Pick a representative of each subfamily (or a few, 5sequenceafterPsi5_mammals_lipocalin.fasta) and construct a multiple alignment using clustalW. Note that in the alignment only a few amino acids are still conserved over these long evolutionary distances (GXW[Y][A])) This is a signature of the lipocalin protein family. In the subsequent iterations of the PSIblast search only these conserved residues will be taken into account. Gradualy you will detect more remote members of the family.

(6)

To further enhance the specificity of the PSIblast search, the initial blast search can be enhanced with a PHIblast search. This requires that the sequences retreived both are similar to the query sequence and contain the signature of the protein family (pattern).

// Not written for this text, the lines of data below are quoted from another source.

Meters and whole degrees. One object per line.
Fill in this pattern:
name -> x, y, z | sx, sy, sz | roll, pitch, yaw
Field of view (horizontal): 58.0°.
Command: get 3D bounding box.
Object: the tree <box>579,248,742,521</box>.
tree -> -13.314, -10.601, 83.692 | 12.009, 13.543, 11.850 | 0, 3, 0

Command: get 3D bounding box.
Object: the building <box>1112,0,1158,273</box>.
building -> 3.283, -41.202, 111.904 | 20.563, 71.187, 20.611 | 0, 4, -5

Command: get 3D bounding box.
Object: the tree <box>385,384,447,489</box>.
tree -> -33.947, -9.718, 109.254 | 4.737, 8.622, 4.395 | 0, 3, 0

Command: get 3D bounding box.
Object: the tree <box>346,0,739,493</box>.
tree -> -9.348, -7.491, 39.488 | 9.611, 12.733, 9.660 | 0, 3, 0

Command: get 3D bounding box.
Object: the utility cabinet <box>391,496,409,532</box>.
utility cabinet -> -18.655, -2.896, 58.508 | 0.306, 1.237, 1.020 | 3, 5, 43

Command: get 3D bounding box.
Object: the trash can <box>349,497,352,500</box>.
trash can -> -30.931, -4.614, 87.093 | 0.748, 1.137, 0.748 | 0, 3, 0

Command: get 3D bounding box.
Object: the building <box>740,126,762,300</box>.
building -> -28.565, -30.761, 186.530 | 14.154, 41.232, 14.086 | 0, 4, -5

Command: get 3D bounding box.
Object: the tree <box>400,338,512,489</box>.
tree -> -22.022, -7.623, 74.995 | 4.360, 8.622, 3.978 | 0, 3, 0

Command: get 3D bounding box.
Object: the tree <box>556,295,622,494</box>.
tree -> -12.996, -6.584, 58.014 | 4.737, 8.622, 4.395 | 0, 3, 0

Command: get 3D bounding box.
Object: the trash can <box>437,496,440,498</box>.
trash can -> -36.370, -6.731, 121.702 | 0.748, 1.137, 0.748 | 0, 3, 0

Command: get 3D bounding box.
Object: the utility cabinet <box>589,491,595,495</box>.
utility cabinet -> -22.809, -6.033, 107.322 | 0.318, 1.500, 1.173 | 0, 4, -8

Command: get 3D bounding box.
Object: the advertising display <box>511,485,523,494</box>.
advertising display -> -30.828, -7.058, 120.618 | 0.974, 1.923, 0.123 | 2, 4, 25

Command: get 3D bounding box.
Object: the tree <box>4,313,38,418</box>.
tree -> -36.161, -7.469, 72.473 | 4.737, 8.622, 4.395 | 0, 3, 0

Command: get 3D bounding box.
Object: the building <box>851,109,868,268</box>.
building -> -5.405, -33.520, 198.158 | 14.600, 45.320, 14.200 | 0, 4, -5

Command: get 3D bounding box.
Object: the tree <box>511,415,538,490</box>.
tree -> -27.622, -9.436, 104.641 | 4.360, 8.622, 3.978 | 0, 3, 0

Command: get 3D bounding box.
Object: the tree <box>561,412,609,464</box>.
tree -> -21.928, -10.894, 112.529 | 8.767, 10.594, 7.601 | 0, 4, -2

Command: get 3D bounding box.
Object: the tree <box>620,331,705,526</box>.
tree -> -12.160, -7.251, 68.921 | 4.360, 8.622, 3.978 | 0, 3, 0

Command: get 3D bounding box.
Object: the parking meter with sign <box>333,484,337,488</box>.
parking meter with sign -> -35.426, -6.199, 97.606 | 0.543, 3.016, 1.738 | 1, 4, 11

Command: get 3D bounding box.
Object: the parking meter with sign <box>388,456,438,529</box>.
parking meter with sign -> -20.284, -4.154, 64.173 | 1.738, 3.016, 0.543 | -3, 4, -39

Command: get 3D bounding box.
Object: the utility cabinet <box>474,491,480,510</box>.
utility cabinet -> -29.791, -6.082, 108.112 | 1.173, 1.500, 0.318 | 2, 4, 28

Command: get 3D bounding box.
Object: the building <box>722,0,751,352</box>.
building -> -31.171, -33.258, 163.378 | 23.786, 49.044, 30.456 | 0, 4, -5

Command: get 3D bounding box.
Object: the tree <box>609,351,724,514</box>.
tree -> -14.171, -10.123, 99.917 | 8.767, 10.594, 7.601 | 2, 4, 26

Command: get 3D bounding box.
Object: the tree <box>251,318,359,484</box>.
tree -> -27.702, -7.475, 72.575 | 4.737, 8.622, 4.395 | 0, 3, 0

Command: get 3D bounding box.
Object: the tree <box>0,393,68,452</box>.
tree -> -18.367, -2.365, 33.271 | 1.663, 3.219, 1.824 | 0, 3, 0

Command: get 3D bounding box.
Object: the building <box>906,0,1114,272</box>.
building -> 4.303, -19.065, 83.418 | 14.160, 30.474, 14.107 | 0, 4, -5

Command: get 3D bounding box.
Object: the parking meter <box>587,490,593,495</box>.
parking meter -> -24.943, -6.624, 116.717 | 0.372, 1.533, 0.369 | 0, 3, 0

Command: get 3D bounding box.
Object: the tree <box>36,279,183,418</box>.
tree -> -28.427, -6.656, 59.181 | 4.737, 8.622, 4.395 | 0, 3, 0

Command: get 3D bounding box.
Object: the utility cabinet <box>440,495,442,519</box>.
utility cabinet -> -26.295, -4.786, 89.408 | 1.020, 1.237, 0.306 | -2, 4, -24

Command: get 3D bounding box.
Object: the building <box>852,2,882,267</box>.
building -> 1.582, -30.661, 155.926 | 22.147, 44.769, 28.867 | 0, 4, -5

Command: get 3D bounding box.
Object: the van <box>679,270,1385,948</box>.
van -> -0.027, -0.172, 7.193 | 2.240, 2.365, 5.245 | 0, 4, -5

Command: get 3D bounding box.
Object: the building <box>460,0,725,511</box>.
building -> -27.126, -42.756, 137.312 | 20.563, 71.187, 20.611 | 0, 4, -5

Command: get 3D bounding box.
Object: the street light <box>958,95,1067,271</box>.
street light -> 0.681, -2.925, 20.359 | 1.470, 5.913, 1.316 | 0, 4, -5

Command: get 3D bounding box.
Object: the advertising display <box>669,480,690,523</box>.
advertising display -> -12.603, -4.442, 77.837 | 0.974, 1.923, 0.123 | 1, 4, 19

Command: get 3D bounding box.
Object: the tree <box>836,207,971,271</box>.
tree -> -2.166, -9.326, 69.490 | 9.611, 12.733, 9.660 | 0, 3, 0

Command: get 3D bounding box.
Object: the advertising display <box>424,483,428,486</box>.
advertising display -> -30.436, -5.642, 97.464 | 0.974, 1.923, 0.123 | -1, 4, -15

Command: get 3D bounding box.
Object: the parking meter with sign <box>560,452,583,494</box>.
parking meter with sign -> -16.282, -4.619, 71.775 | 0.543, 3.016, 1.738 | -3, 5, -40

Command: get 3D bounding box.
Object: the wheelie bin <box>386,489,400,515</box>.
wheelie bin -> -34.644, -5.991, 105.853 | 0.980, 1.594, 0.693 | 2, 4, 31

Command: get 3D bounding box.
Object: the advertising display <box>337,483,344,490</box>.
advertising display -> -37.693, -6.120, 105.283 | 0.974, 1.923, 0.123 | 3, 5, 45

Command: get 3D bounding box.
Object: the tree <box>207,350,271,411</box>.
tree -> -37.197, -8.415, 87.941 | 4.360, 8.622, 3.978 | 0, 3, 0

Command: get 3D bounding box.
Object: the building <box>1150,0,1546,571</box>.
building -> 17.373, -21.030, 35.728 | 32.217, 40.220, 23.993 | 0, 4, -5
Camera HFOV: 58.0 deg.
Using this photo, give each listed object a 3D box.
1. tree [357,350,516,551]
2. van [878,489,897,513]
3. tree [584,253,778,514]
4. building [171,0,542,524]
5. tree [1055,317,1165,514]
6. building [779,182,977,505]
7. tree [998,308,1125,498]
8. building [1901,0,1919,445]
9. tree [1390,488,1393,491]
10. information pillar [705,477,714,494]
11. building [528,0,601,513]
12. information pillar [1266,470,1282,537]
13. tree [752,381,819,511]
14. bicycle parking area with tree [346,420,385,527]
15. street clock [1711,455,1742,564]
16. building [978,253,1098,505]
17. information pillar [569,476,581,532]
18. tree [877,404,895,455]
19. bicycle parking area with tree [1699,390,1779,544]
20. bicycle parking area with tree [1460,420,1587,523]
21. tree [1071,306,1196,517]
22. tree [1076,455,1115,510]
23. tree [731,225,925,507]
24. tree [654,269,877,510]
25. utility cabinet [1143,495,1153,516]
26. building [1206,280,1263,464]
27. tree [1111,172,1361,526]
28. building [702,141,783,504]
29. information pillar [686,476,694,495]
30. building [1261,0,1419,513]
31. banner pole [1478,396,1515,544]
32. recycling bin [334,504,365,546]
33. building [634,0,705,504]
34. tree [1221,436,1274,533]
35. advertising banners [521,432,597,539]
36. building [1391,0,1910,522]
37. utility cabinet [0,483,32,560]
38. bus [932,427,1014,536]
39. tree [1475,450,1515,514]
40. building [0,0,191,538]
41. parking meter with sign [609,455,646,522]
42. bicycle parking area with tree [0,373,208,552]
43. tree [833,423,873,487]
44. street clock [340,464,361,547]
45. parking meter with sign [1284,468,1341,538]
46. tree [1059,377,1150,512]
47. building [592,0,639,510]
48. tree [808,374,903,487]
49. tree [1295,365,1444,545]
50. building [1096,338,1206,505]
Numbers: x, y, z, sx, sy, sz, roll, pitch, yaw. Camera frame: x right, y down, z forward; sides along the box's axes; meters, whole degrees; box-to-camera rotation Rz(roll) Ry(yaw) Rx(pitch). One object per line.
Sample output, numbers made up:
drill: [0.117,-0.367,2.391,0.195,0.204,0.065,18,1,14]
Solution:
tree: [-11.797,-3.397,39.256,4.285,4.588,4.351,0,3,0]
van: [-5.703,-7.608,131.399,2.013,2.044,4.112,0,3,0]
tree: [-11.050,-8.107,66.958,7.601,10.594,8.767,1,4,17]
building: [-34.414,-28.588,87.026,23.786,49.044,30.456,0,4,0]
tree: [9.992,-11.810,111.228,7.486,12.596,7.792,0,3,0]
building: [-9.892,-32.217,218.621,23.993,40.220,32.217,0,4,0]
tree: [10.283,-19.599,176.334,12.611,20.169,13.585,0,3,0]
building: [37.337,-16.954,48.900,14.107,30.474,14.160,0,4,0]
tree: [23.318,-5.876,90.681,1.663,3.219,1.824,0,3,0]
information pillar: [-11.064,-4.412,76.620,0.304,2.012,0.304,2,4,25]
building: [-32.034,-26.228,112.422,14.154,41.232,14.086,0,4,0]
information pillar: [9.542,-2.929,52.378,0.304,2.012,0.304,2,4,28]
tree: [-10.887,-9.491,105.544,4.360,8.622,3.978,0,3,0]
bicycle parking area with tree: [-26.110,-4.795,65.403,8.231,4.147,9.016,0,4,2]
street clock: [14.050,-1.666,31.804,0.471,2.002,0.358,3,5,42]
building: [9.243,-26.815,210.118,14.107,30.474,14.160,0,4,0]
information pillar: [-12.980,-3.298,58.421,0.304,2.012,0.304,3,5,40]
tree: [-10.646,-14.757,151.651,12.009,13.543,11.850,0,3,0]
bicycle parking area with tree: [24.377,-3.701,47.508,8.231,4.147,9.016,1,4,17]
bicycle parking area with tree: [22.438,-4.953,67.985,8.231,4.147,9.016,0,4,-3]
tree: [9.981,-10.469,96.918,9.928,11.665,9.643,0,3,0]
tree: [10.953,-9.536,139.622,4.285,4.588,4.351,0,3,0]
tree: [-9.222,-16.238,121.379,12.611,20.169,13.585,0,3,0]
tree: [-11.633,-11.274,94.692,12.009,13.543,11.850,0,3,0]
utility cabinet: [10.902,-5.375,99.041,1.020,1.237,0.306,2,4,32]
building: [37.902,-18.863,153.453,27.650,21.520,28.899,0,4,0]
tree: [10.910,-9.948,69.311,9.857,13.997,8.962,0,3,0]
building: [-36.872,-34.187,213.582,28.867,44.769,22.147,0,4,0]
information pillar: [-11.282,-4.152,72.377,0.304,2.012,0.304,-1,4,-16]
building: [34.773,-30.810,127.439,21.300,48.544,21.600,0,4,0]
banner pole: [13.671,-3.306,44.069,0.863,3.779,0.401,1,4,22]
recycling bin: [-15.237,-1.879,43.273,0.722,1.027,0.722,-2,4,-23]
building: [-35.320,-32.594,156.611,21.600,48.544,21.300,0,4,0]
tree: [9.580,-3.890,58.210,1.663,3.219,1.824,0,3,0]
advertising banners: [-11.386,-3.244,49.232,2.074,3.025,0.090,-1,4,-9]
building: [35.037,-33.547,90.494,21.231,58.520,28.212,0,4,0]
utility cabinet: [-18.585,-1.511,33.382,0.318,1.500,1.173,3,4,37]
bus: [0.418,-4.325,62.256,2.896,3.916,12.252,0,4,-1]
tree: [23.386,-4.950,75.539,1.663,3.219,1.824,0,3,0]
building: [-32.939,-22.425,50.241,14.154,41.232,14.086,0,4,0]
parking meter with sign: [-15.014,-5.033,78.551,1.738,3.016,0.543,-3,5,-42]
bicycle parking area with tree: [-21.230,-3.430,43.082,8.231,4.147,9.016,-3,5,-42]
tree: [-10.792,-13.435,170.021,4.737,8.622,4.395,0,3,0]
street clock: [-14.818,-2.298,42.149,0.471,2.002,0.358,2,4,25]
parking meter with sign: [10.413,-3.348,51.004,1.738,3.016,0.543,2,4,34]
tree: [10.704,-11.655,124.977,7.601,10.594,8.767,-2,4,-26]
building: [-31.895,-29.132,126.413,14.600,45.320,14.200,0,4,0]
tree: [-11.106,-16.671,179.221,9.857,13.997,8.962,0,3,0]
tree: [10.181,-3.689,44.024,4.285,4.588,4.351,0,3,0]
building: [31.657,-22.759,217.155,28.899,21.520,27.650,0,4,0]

Of course it is not evident to find this pattern if the protein family is largely unknown. One could search in literature whether a pattern has already been described in any of the protein members of this family (preferentially the ones closely related to your query sequence). Otherwise one could perform a PSIblast, make a multiple alignment of related sequences as shown above and check whether consistently the same residues are conserved. These are most likely candidates to form a pattern. The initial PSIBlast result might contain false positive hits. These can be removed by refining the blast search with a pattern search (pattern detected in an initial screening).